In the records below, pick out all lines containing the word "name".
(Exercise materials begins)
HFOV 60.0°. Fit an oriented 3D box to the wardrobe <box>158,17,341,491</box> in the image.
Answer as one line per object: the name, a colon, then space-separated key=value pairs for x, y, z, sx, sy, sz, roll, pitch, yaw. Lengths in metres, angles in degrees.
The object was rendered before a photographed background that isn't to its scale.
(Exercise materials ends)
(Exercise materials begins)
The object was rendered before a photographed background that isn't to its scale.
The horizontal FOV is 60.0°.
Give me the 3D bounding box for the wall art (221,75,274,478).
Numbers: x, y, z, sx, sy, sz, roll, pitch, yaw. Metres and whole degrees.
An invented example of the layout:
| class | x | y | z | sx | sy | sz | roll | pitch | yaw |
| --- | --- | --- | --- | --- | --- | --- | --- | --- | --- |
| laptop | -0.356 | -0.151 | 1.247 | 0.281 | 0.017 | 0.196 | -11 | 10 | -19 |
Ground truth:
(Exercise materials ends)
(Exercise materials begins)
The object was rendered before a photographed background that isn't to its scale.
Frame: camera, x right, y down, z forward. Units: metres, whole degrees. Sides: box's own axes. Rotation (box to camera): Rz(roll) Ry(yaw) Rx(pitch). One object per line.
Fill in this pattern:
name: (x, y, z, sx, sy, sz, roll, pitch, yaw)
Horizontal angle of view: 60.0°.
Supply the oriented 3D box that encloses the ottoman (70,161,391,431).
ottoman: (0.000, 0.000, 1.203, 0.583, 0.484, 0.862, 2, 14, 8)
(Exercise materials ends)
▶ _Response to the task_:
Answer as one line per object: the name, a colon, then space-separated key=value pairs for x, y, z, sx, sy, sz, roll, pitch, yaw. Lengths in metres, angles in degrees.
name: (x, y, z, sx, sy, sz, roll, pitch, yaw)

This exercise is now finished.